# Copyright (c) 2021-2025, ETH Zurich and NVIDIA CORPORATION
# All rights reserved.
#
# SPDX-License-Identifier: BSD-3-Clause

from __future__ import annotations

import warnings

from rsl_rl.modules import ActorCritic
from rsl_rl.networks import Memory
from rsl_rl.utils import resolve_nn_activation


class ActorCriticRecurrent(ActorCritic):
    is_recurrent = True

    def __init__(
        self,
        num_actor_obs,
        num_critic_obs,
        num_actions,
        actor_hidden_dims=[256, 256, 256],
        critic_hidden_dims=[256, 256, 256],
        activation="elu",
        rnn_type="lstm",
        rnn_hidden_dim=256,
        rnn_num_layers=1,
        init_noise_std=1.0,
        **kwargs,
    ):
        if "rnn_hidden_size" in kwargs:
            warnings.warn(
                "The argument `rnn_hidden_size` is deprecated and will be removed in a future version. "
                "Please use `rnn_hidden_dim` instead.",
                DeprecationWarning,
            )
            if rnn_hidden_dim == 256:  # Only override if the new argument is at its default
                rnn_hidden_dim = kwargs.pop("rnn_hidden_size")
        if kwargs:
            print(
                "ActorCriticRecurrent.__init__ got unexpected arguments, which will be ignored: " + str(kwargs.keys()),
            )

        super().__init__(
            num_actor_obs=rnn_hidden_dim,
            num_critic_obs=rnn_hidden_dim,
            num_actions=num_actions,
            actor_hidden_dims=actor_hidden_dims,
            critic_hidden_dims=critic_hidden_dims,
            activation=activation,
            init_noise_std=init_noise_std,
        )

        activation = resolve_nn_activation(activation)
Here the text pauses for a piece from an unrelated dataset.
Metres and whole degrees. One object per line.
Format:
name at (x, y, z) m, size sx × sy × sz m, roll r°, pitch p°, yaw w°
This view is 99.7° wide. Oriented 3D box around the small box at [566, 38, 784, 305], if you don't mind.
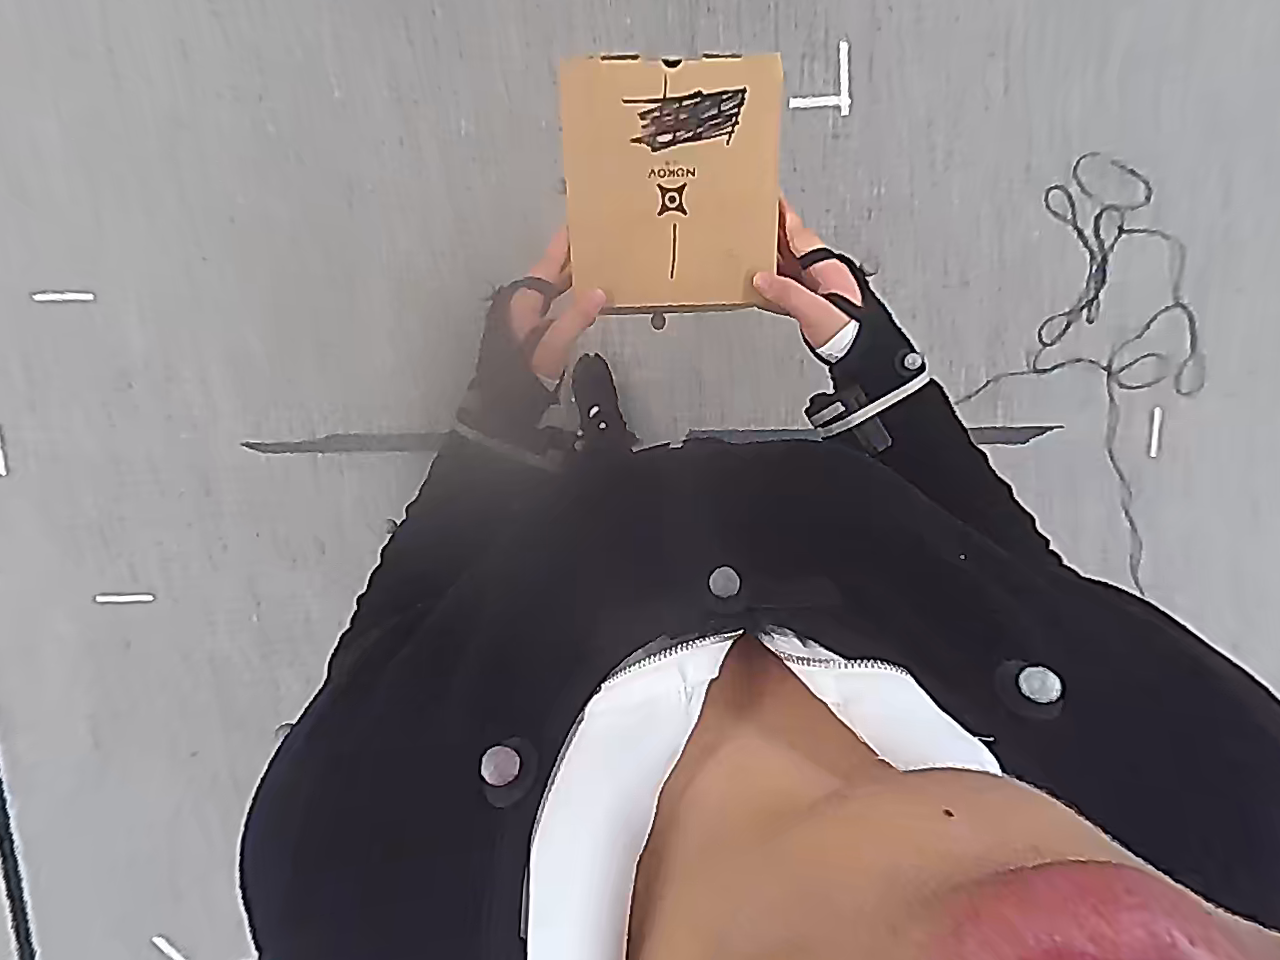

        self.memory_a = Memory(num_actor_obs, type=rnn_type, num_layers=rnn_num_layers, hidden_size=rnn_hidden_dim)
        self.memory_c = Memory(num_critic_obs, type=rnn_type, num_layers=rnn_num_layers, hidden_size=rnn_hidden_dim)

        print(f"Actor RNN: {self.memory_a}")
        print(f"Critic RNN: {self.memory_c}")

    def reset(self, dones=None):
        self.memory_a.reset(dones)
        self.memory_c.reset(dones)

    def act(self, observations, masks=None, hidden_states=None):
        input_a = self.memory_a(observations, masks, hidden_states)
        return super().act(input_a.squeeze(0))

    def act_inference(self, observations):
        input_a = self.memory_a(observations)
        return super().act_inference(input_a.squeeze(0))

    def evaluate(self, critic_observations, masks=None, hidden_states=None):
        input_c = self.memory_c(critic_observations, masks, hidden_states)
        return super().evaluate(input_c.squeeze(0))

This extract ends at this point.